By: Michele Wood

Co-living is one of the prevalent buzzwords in commercial real estate this year. In a world where the sharing economy has disrupted the hotel and office sectors, it’s no surprise that the trend has moved into our homes. Co-living and its cousin co-housing are joining communes, condos and co-ops as distinct ways in which unrelated people live together. How are these trends impacting the housing market? To answer this question, we start with a brief history of how people live and live together.
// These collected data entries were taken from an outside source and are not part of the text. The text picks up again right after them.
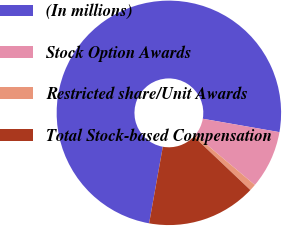Convert chart. <chart><loc_0><loc_0><loc_500><loc_500><pie_chart><fcel>(In millions)<fcel>Stock Option Awards<fcel>Restricted share/Unit Awards<fcel>Total Stock-based Compensation<nl><fcel>74.93%<fcel>8.36%<fcel>0.96%<fcel>15.75%<nl></chart> 
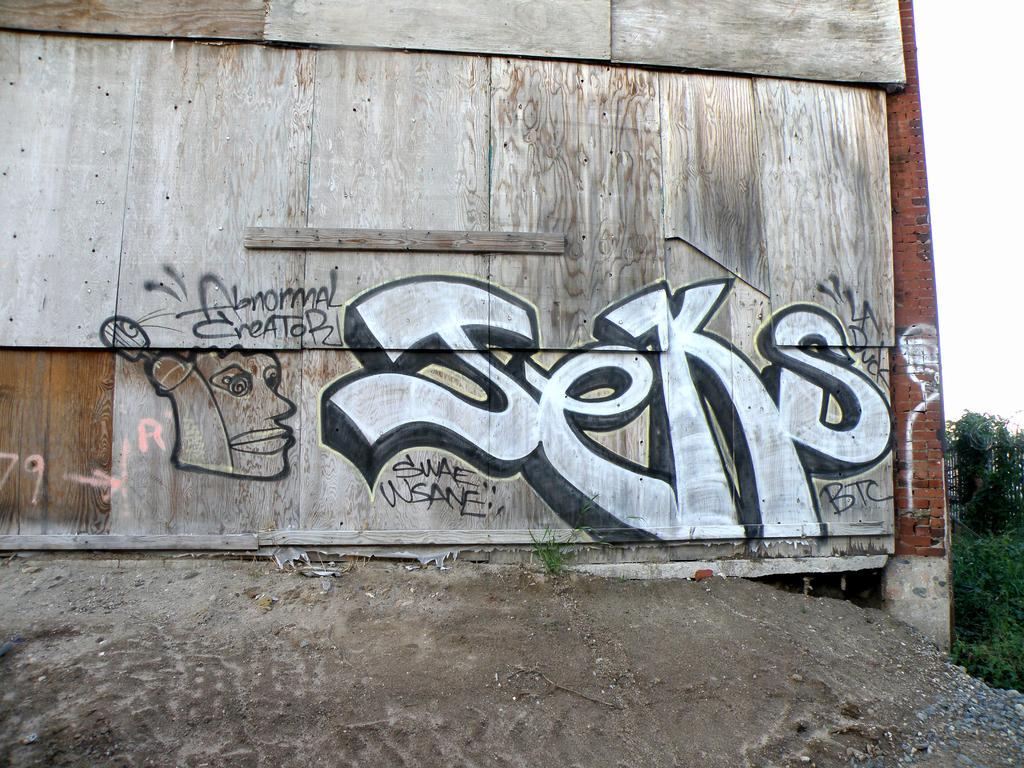What is depicted on the wooden wall in the image? There is graffiti on a wooden wall in the image. What type of vegetation can be seen on the right side of the image? There are trees on the right side of the image. What is visible in the background of the image? The sky is visible and clear in the image. What type of vegetable is growing on the wooden wall in the image? There are no vegetables growing on the wooden wall in the image; it features graffiti instead. 
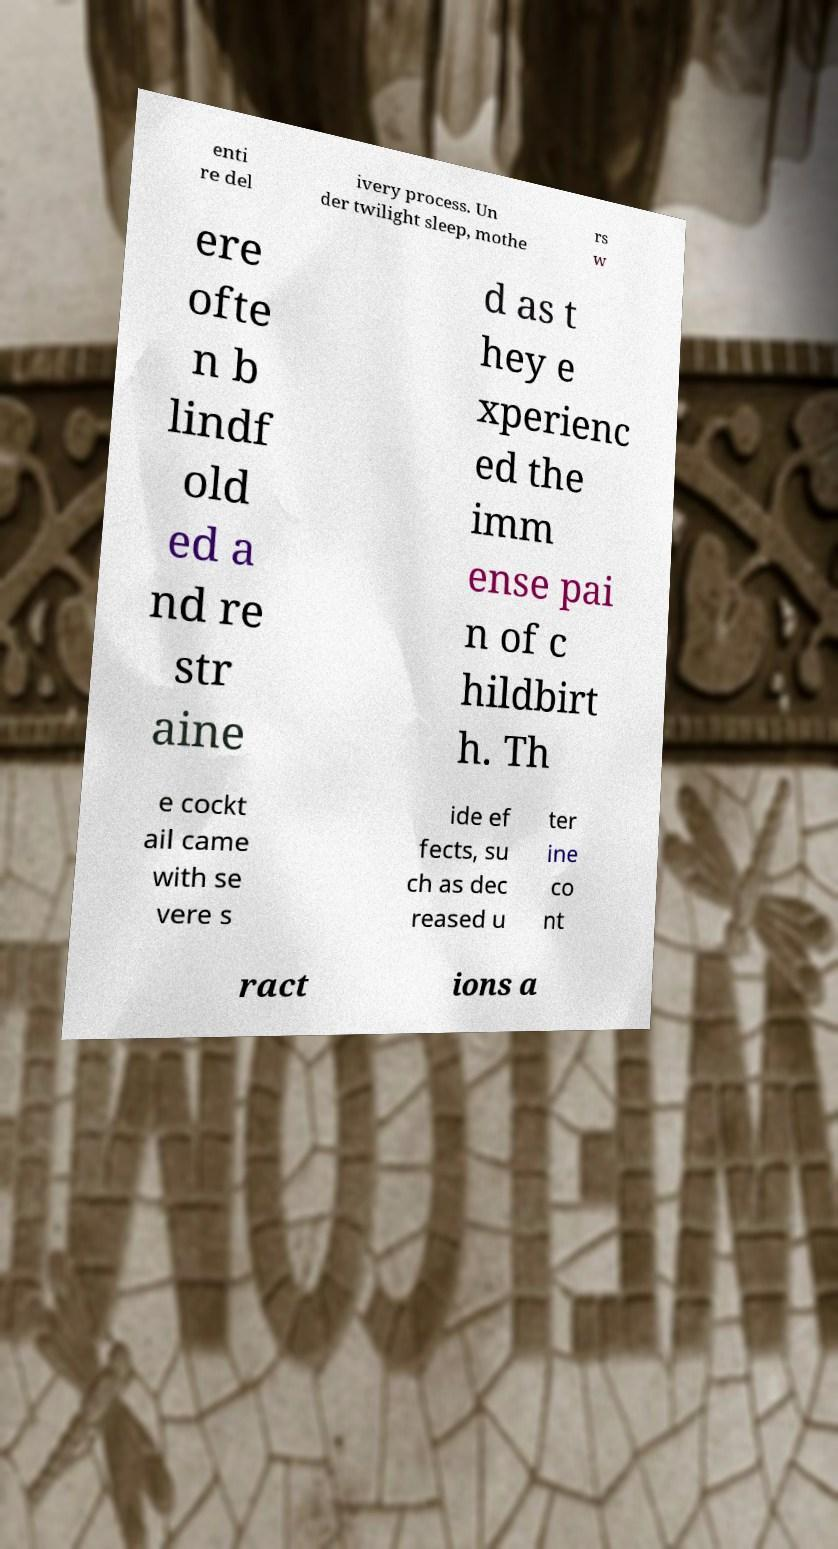Please identify and transcribe the text found in this image. enti re del ivery process. Un der twilight sleep, mothe rs w ere ofte n b lindf old ed a nd re str aine d as t hey e xperienc ed the imm ense pai n of c hildbirt h. Th e cockt ail came with se vere s ide ef fects, su ch as dec reased u ter ine co nt ract ions a 
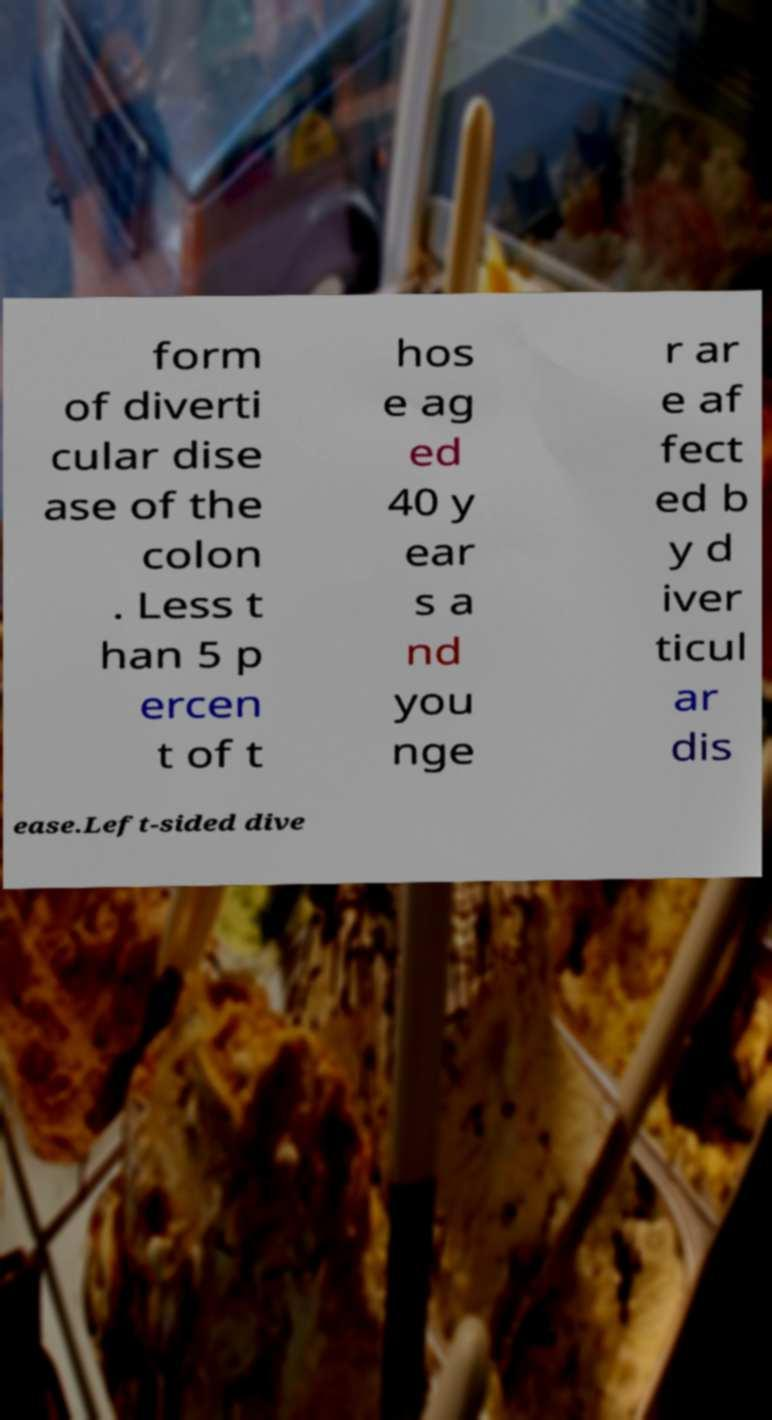What messages or text are displayed in this image? I need them in a readable, typed format. form of diverti cular dise ase of the colon . Less t han 5 p ercen t of t hos e ag ed 40 y ear s a nd you nge r ar e af fect ed b y d iver ticul ar dis ease.Left-sided dive

Modern housing innovations have solved many problems, but have created others. Human psychology is designed for social connection and operating within a community. Many adults report feeling lonely and socially isolated, and co-housing and co-living are a response to the need to connect. Julianne Holt-Lunstad, a professor of psychology and neuroscience at Brigham Young University, did a meta-analysis of 148 studies of the benefits of human connections and communities. She writes, “Adults who are socially isolated have a 50% greater risk of dying from any cause within a given time frame than people who are more connected.” Some of these feelings of disconnection and isolation contributed to the rise of communes and cult communities in the second half of the 20th century, many with tragic outcomes. These trends are also responses to demands on time and money because sharing space helps make it more affordable, as we will see later.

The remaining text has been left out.